Patients almost always want to know what will happen if they have some disease where their demise is imminent. The classic big guys remark about "Am I gonna make it doc?" often is the bravado covering abject terror.
In a recent NEJM article there is an interesting piece on prognostics in medicine. Namely we are all now seeing more and more survival curves, conjoined with prognostic tests which contain genetic information.
The patient wants to know but unfortunately the physician really does not have a clue. The article states:
We believe that at least as much attention should be paid to clinicians'
communication about the uncertainty associated with prognostication as
to the search for better prognostic models. We propose a framework of
three central tasks that clinicians can perform to help patients and
families manage uncertainty. Physicians should tailor this framework to
the core values of the patient. Some patients will value quality of life
more than quantity of life, and for these patients uncertainty about
future well-being may be of greater concern than life expectancy.
My concern about better prognostics fall in the following categories:
1. Prognostic data on survival work only for large groups not for a single patient. When I look at the Kaplan Meir survival data for such therapeutics as those new ones for melanoma and even for transplants for MDS I see a 20-30% survival at the tails. To me that tells me something, besides the patient who hope to be the tail. I ask why that group, what happened there? Unfortunately we all too often do not have an answer.
2. Prognostic data is now being used by the Government, namely CMS and under the ACA, for treatment directives and physician control and compensation. Just look at the prostate cancer debacle. The "Committees" making the decisions have decided that PSA tests are useless so they will soon disallow them. They may be useless for some but not all. Yet to the "Committee" they apply to all, a classic Soviet style prognostic decision process.
3. Genetic Tests Yield Prognostic Data: With the ability to collect massive genetic data from genes to SNPs we now have researchers announcing new prognostic tests which at best are problematic and at worst harm the patients. The problem is that all too often one can statistically get "prognostic" data from any correlation, meaningless as it may be.
4. Prognostic Data on Survival Applies to Only Some: I read a recent paper on MDS survival and was truly disappointed by what was in my opinion poor statistical analyses. It compared low risk and high risk patients undergoing bone marrow transplants. It showed the higher risks with better survival. It also showed the higher risk having initially a faster drop in Kaplan Meir at the beginning and then a sustained flattening at 30%. Why? One reason may be that the one who died early had poor HLA matches while those who survived had better, say 10 point match to a 5 point match. But such an analysis was not to be,
The article then states:
Prognosis, and prognostic uncertainty, have a profound influence on
physicians, as well as on patients and families. Physicians' generally
optimistic bias is well documented. In one study, physicians
overestimated the likely duration of survival of terminally ill patients
by a factor of five, and the longer the duration of the
patient–physician relationship, the more optimistic the estimate.

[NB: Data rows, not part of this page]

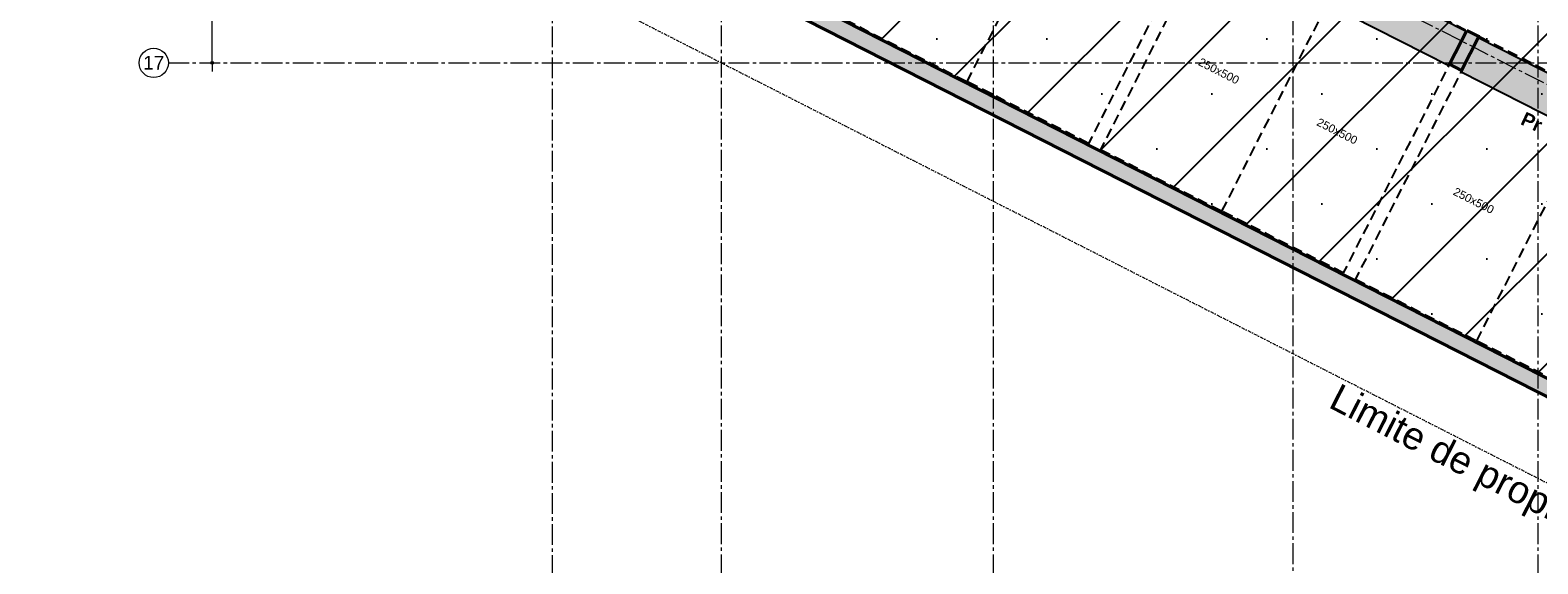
# Model space of a CAD drawing. Header units: millimetres. Extents: x -6159 to 201309, y -25780 to 10326.
# Tile 19 of 128: x 20157 to 22926, y -11977 to -10996. Entities that reach past the tile are written whole.
import ezdxf

# ---------------------------------------------------------------- set-up
doc = ezdxf.new("R2010")
doc.units = ezdxf.units.MM
doc.header["$PDMODE"] = 34
doc.header["$PDSIZE"] = 5
for name, pattern in [('Axes', [28.575, 19.05, -3.175, 3.175, -3.175]), ('CACHE', [9.525, 6.35, -3.175]), ('CACHEX2', [19.05, 12.7, -6.35]), ('TIRETPT2', [12.7, 6.35, -3.175, 0, -3.175])]:
    doc.linetypes.add(name, pattern=pattern)
doc.layers.get('DEFPOINTS').update_dxf_attribs({"color": 251})
for name, color, linetype, lineweight in [('A-Kube-Axes', 6, 'Axes', 18), ('A-Kube-Cotations', 7, 'Continuous', 9), ('A-Kube-Textes', 3, 'Continuous', 30), ('K_3_D - Lmite de propriéte', 44, 'TIRETPT2', 18), ('S-Kube-Structure vue', 3, 'Continuous', 25), ('S-Kube-Stucture coupée', 1, 'Continuous', 50)]:
    doc.layers.add(name, color=color, linetype=linetype, lineweight=lineweight)
doc.layers.add('C-Kube-trait gris', color=8, linetype='Continuous')
doc.layers.add('S-Kube-Pochage coupé', color=252, linetype='Continuous', transparency=0.5)
doc.layers.add('S-Kube-Pochage vu', color=254, linetype='Continuous', transparency=0.5)
doc.styles.add('Arial', font='arial.ttf')
doc.dimstyles.new('50e', dxfattribs={"dimscale": 5, "dimtxt": 2.2, "dimasz": 0.15, "dimexe": 3, "dimexo": 3, "dimgap": 1, "dimtad": 1, "dimrnd": 0.5, "dimzin": 12, "dimdsep": 46, "dimtxsty": 'Arial', "dimblk1": 'ROND30', "dimblk2": 'ROND30', "dimsah": 1, "dimcen": 1.5, "dimclrd": 256, "dimclre": 256, "dimclrt": 256, "dimadec": 3, "dimazin": 3, "dimtfac": 1, "dimtmove": 0, "dimatfit": 0, "dimldrblk": 'ROND30', "dimfxl": 1, "dimtolj": 1, "dimtzin": 4, "dimlwd": -1, "dimlwe": -1, "dimarcsym": 0})

# ---------------------------------------------------------------- blocks, each defined once
blk = doc.blocks.new('240014 - AXES S-2  S-1')
at = {"layer": 'A-Kube-Axes', "ltscale": 2}
for points in [[(21425.9, -4701.1), (21425.9, -12922.7)], [(21925.9, -4701.1), (21925.9, -12922.7)], [(22925.9, -4701.1), (22925.9, -12922.7)], [(21115.9, -4817.1), (21115.9, -12922.7)], [(22475.9, -7766.8), (22475.9, -12922.7)], [(20406.6, -9804.5), (26164.2, -12736.1)], [(20410.9, -11056), (26176.2, -11056)]]:
    blk.add_lwpolyline(points, dxfattribs=at)
at = {"layer": 'A-Kube-Axes', "linetype": 'Continuous'}
blk.add_circle((20384.1, -11056.2), 26.9, dxfattribs=at)
at = {"layer": 'A-Kube-Axes', "insert": (20384.2, -11055.9), "char_height": 25, "attachment_point": 5, "style": 'Arial'}
blk.add_mtext('17', dxfattribs=at)
blk = doc.blocks.new('ROND30')
blk.add_line((0, 0), (21.6, 0))
for radius in [3.28, 2.67, 2.07, 1.62, 1.02, 0.412]:
    blk.add_circle((0, 0), radius)
blk = doc.blocks.new('*D175')
at = {"layer": 'A-Kube-Cotations', "transparency": 16777216}
for p, q in [((20491.2, -10275.9), (20506.2, -10275.9)), ((20491.2, -11055.2), (20491.2, -10276.6)), ((20491.2, -11056), (20506.2, -11056))]:
    blk.add_line(p, q, dxfattribs=at)
at = {"layer": 'DEFPOINTS', "color": 0, "transparency": 16777216}
for p in [(20491.2, -10275.9), (20491.2, -10275.9), (20491.2, -11056)]:
    blk.add_point(p, dxfattribs=at)
at = {"layer": 'A-Kube-Cotations', "transparency": 16777216, "xscale": 0.75, "yscale": 0.75, "zscale": 0.75}
for p, rotation in [((20491.2, -10275.9), 90), ((20491.2, -11056), 270)]:
    blk.add_blockref('ROND30', p, dxfattribs=dict(at, rotation=rotation))
at = {"layer": 'A-Kube-Cotations', "transparency": 16777216, "insert": (20480.6, -10665.9), "char_height": 11, "attachment_point": 5, "rotation": 90, "style": 'Arial'}
blk.add_mtext('\\A1;780', dxfattribs=at)

msp = doc.modelspace()

# ---------------------------------------------------------------- hatches: boundary and pattern name
at = {"layer": 'C-Kube-trait gris', "linetype": 'CACHEX2'}
h = msp.add_hatch(dxfattribs=at)
h.set_pattern_fill('SACNCR', color=256, scale=60)
h.paths.add_polyline_path([(24925.883, -11264.276), (25095.883, -11264.276), (25095.883, -11043.372), (25425.889, -11043.372), (25425.889, -10759.799), (25975.883, -10759.797), (25975.883, -9507.796), (25445.889, -9507.798), (25425.889, -9507.798), (24336.389, -9507.798), (24336.389, -10552.357), (22586.175, -10551.72), (22496.844, -10551.145), (22496.844, -10898.233), (22601.113, -10951.345), (22496.844, -10898.233), (22206.008, -10751.428), (21512.416, -10400.06), (21512.025, -10397.078), (21393.542, -10336.779), (21290.871, -10538.518), (21187.196, -10742.227), (25323.132, -12846.439), (25442.685, -12846.439), (25442.694, -11813.812), (25445.897, -11813.812), (25445.889, -12399.471), (25395.883, -12399.471), (25395.883, -11686.28), (25325.544, -11725.685), (24925.883, -11522.353)])
at = {"layer": 'S-Kube-Pochage coupé'}
h = msp.add_hatch(color=256, dxfattribs=at)
h.dxf.hatch_style = 1
h.paths.add_polyline_path([(21187.196, -10742.227), (21414.063, -10296.458), (21396.201, -10287.371), (21384.756, -10309.867), (21378.773, -10306.822), (21369.701, -10324.646), (21375.687, -10327.693), (21282.111, -10511.622), (21134.158, -10436.349), (21227.745, -10252.398), (21236.227, -10256.714), (21245.301, -10238.884), (21212.5, -10222.211), (20925.883, -10222.211), (20925.883, -10242.211), (21207.729, -10242.211), (21211.703, -10244.233), (21118.115, -10428.187), (20925.883, -10330.386), (20895.883, -10330.386), (20895.883, -10348.78), (21259.585, -10533.849), (21146.851, -10755.36), (25316.172, -12876.439), (25945.883, -12876.439), (25945.883, -12846.439), (25442.689, -12846.439), (25442.689, -12346.239), (25422.689, -12346.239), (25422.689, -12846.439), (25323.132, -12846.439)])
h = msp.add_hatch(color=256, dxfattribs=at)
h.dxf.hatch_style = 1
h.paths.add_polyline_path([(22817.685, -11007.784), (22795.403, -10996.448), (22763.662, -11058.838), (22785.944, -11070.174)])
at = {"layer": 'S-Kube-Pochage vu'}
h = msp.add_hatch(color=256, dxfattribs=at)
h.dxf.hatch_style = 1
h.paths.add_polyline_path([(22348.637, -10771.935), (22316.896, -10834.325), (22762.538, -11061.048), (22794.278, -10998.661)])
h = msp.add_hatch(color=256, dxfattribs=at)
h.dxf.hatch_style = 1
h.paths.add_polyline_path([(22816.56, -11009.997), (22784.818, -11072.387), (23230.46, -11299.11), (23262.201, -11236.723)])

# ---------------------------------------------------------------- linework, layer by layer
at = {"layer": 'C-Kube-trait gris', "linetype": 'CACHE', "ltscale": 3}
for points in [[(21655.111, -10977.309), (21877.932, -11090.672), (22104.657, -10645.031), (21881.836, -10531.668)], [(22100.752, -11204.034), (21877.932, -11090.672), (22104.657, -10645.031), (22327.477, -10758.393)], [(22123.034, -11215.371), (22345.854, -11328.734), (22572.579, -10883.093), (22349.759, -10769.73)], [(22568.675, -11442.096), (22345.854, -11328.734), (22572.579, -10883.093), (22795.4, -10996.455)], [(22590.957, -11453.433), (22813.777, -11566.795), (23040.502, -11121.155), (22817.682, -11007.792)], [(23036.597, -11680.158), (22813.777, -11566.795), (23040.502, -11121.155), (23263.322, -11234.517)]]:
    msp.add_lwpolyline(points, close=True, dxfattribs=at)
at = {"layer": 'K_3_D - Lmite de propriéte', "linetype": 'TIRETPT2'}
msp.add_lwpolyline([(20157.232, -10410.093), (26120.526, -13445.006)], dxfattribs=at)
at = {"layer": 'S-Kube-Structure vue'}
for points in [[(22348.637, -10771.935), (22316.896, -10834.325), (22762.538, -11061.048), (22794.278, -10998.661)], [(22816.56, -11009.997), (22784.818, -11072.387), (23230.46, -11299.11), (23262.201, -11236.723)]]:
    msp.add_lwpolyline(points, close=True, dxfattribs=at)
at = {"layer": 'S-Kube-Stucture coupée'}
msp.add_lwpolyline([(25323.132, -12846.439), (21187.196, -10742.227), (21414.063, -10296.458), (21396.201, -10287.371), (21384.756, -10309.867), (21378.773, -10306.822), (21369.701, -10324.646), (21375.687, -10327.693), (21282.111, -10511.622), (21134.158, -10436.349), (21227.745, -10252.398), (21236.227, -10256.714), (21245.301, -10238.884), (21212.5, -10222.211), (21212.5, -10222.211), (20925.883, -10222.211), (20925.883, -9084.041), (20895.883, -9084.041), (20895.883, -10348.78), (21259.573, -10533.873), (21146.851, -10755.36), (25315.939, -12876.439)], dxfattribs=at)
msp.add_lwpolyline([(22795.403, -10996.448), (22763.662, -11058.838), (22785.944, -11070.174), (22817.685, -11007.784)], close=True, dxfattribs=at)

# ---------------------------------------------------------------- block references
at = {"layer": 'A-Kube-Axes'}
msp.add_blockref('240014 - AXES S-2  S-1', (0, 0), dxfattribs=at)

# ---------------------------------------------------------------- texts
at = {"layer": 'A-Kube-Textes', "insert": (22931.846, -11172.695), "char_height": 25.5, "attachment_point": 6, "rotation": 334.788303, "style": 'Arial'}
msp.add_mtext('{\\fArial|b1|i0|c0|p34;Pr}', dxfattribs=at)
at = {"layer": 'A-Kube-Textes', "insert": (22561.861, -11643.396), "char_height": 50, "attachment_point": 1, "rotation": 332.927057, "style": 'Arial'}
msp.add_mtext_dynamic_manual_height_columns('Limite de propriété', width=655.97349, gutter_width=75, heights=[0], dxfattribs=at)
at = {"layer": 'C-Kube-trait gris', "char_height": 15, "attachment_point": 8, "rotation": 333.034749, "style": 'Arial'}
for insert in [(22336.677, -11078.026), (22553.906, -11188.543), (22804.6, -11316.087)]:
    msp.add_mtext('250x500', dxfattribs=dict(at, insert=insert))

# ---------------------------------------------------------------- dimensions: what is measured, and where the dimension line sits
at = {"layer": 'A-Kube-Cotations'}
dim = msp.add_linear_dim(base=(20491.236, -10275.872), p1=(20491.236, -11055.971), p2=(20491.236, -10275.872), angle=90, dimstyle='50e', override={"dimtmove": 1, "dimfxlon": 1}, dxfattribs=at)
dim.commit()
dim.dimension.update_dxf_attribs({"geometry": '*D175', "text_midpoint": (20480.62, -10665.922)})

doc.saveas('drawing.dxf')

Clinicians may also have trouble with prognostic uncertainty. Some
react with an unwillingness to talk to the patient about the future at
all (but commonly express this unwillingness in terms such as “we have
to wait and see” or “no one can tell”). Others, ignoring the uncertainty
inherent in prognostication, do more and more tests in the futile hope
of improving their prediction. We believe that physicians need to
recognize their reaction to uncertainty and how these reactions may
influence their conversations with patients.
The question of what is going to happen is always on the mind of a patient and their family when a severe diagnosis is made. All too often the physician just does not know. The lung cancer patient who on average is supposed to be dead in three months but lasts three years. The pancreatic cancer patient who also was to last three months but dies of old age. They may be the exceptions but our prognostic capabilities are still quite weak, except on the average. Yet we have never seen an "average" patient.